# Is my ridge vent installed correctly?



## FlyingHammer (Jun 22, 2009)

The attic space above my garage seems way too hot and I'm wondering how to tell if my ridge vent is installed properly. The attic floor is well insulated, and I can clearly see plenty of light coming through all the eave vents so I know they're not blocked. The only other variable seems to be the ridge vent, and I'm wondering if the roofer nailed it down too tight. Should I be able to see any light coming through it? 

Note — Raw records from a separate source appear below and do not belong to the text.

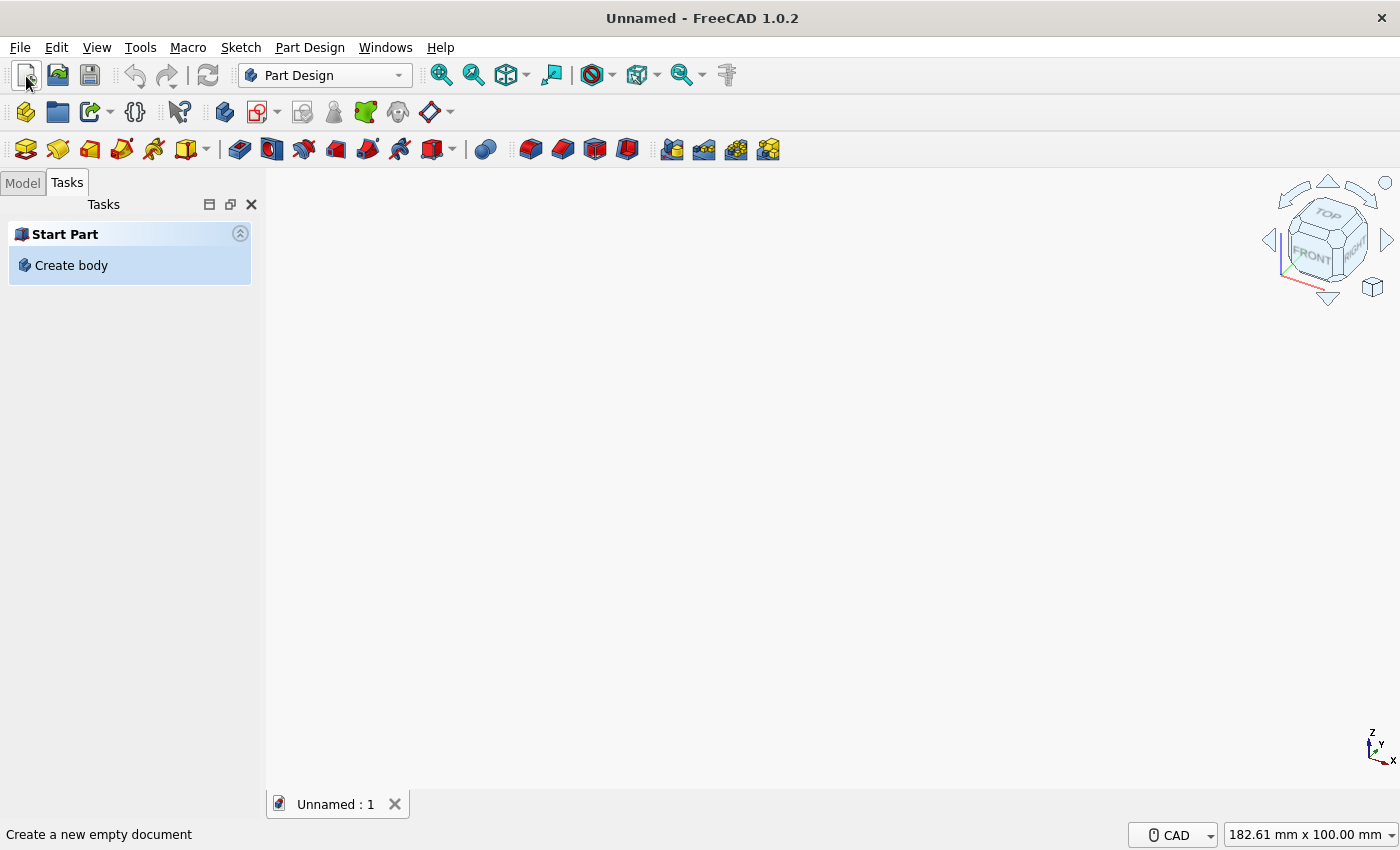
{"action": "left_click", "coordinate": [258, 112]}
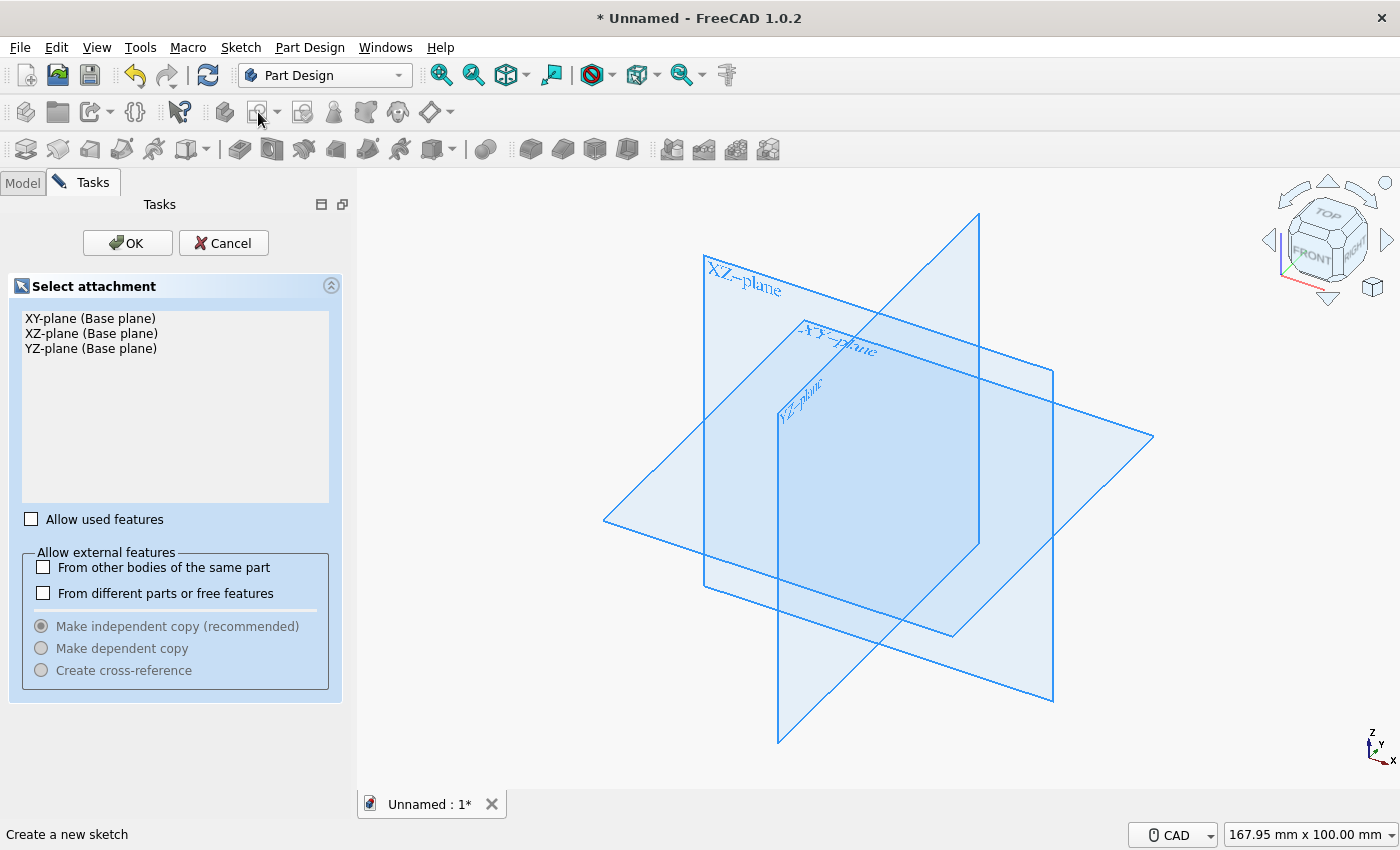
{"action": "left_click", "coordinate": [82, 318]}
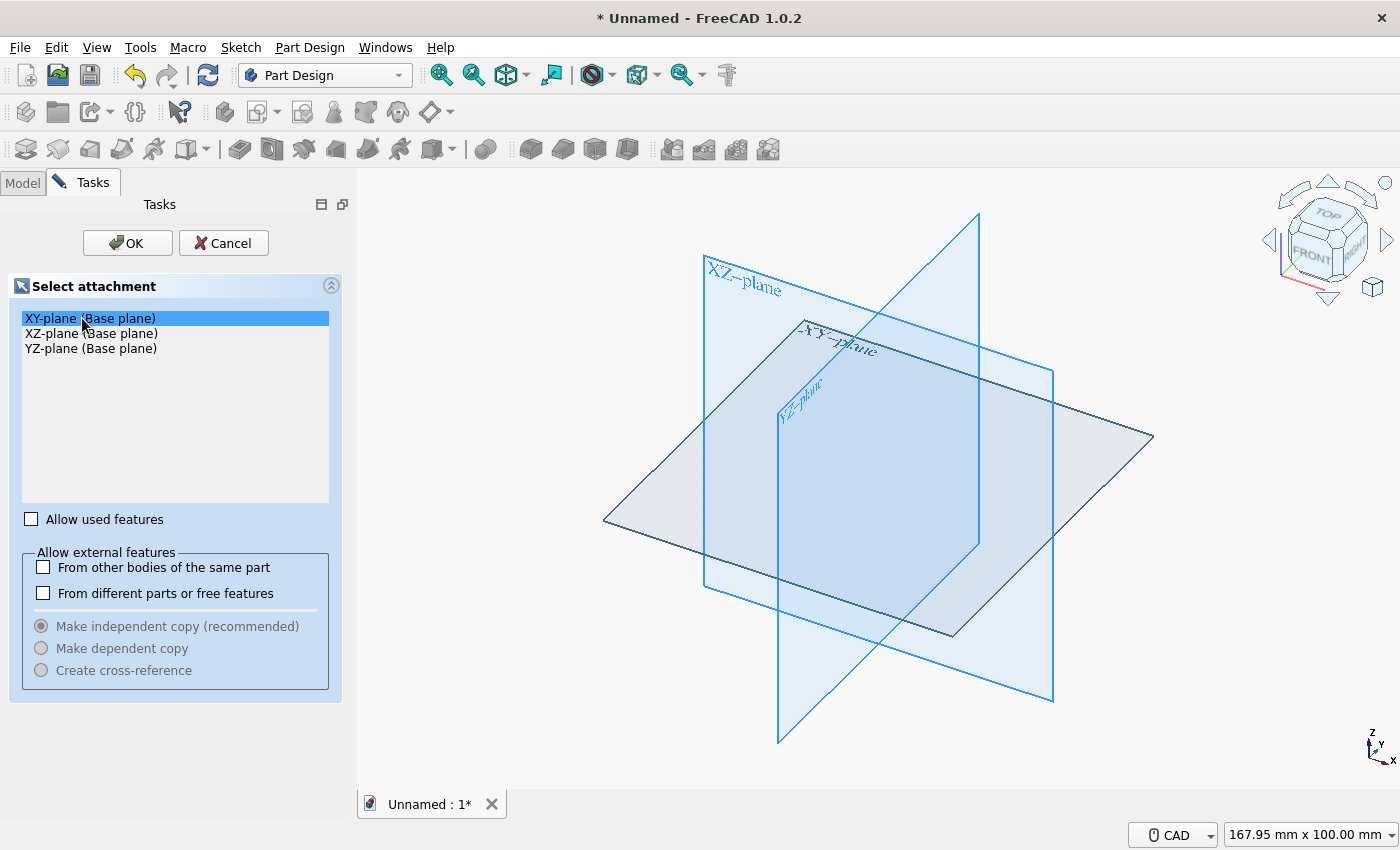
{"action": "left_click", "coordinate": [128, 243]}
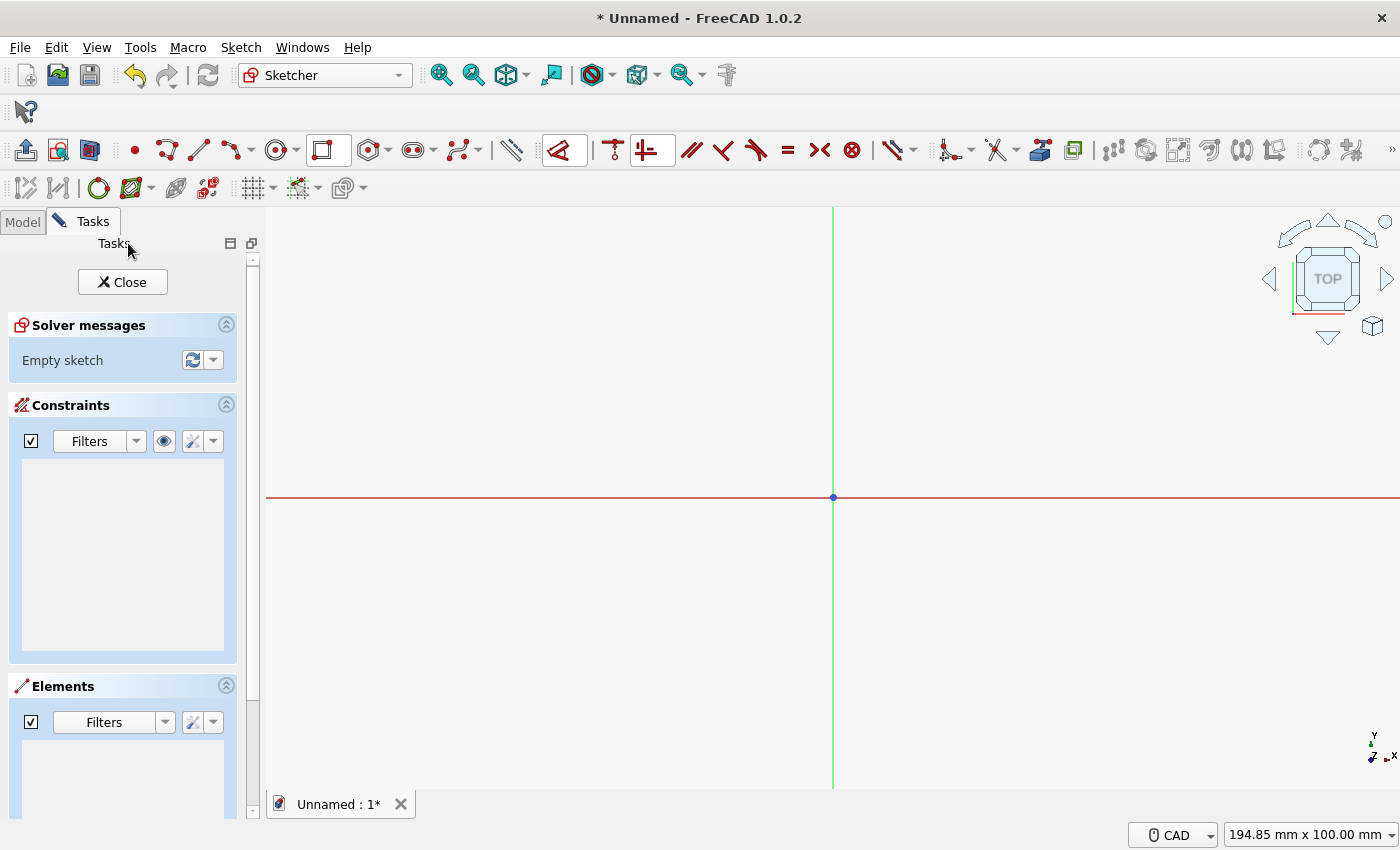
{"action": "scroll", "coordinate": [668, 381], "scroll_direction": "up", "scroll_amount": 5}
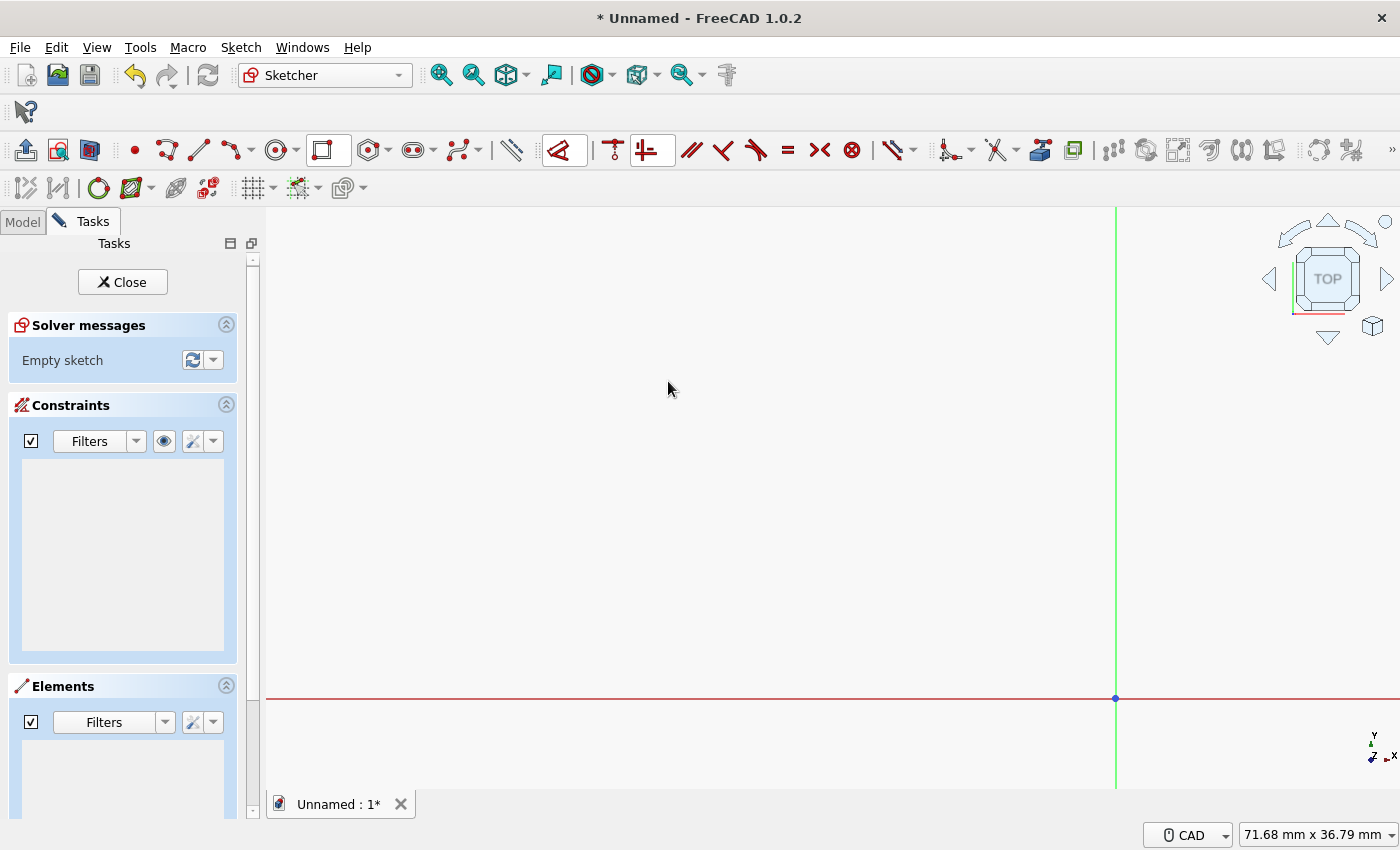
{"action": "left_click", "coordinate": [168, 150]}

Any other suggestions to reduce the temperature up there?

Thank you in advance.


----------



## Gary in WA (Mar 11, 2009)

http://www.inspectapedia.com/interiors/atticcond10.htm

http://www.airvent.com/homeowner/products/intakeSoffit-specs.shtml

http://books.google.com/books?id=3k...B8Q6AEwAg#v=onepage&q=Silerbsein 1991&f=false

http://www.fureyco.com/content/images/Ventilation-_Clearing_The_Air.pdf

Gary


----------



## AGWhitehouse (Jul 1, 2011)

If you find everything to be installed correctly you can check the temperature up there. You don't want it much hotter than 105F...

You can either install roof turbine vents (Passive exhaust fan), a motorized fan with thermostatic controller, or gable end louvers if you have a gable available.


----------



## roofie (Jun 24, 2011)

Be sure to check and see if ventilation is coming through your soffitt bc a lot of times insulation install will block this, this is why things called baffled are installed that fit between the insulation and underside part of roof to allow the air to pass.


----------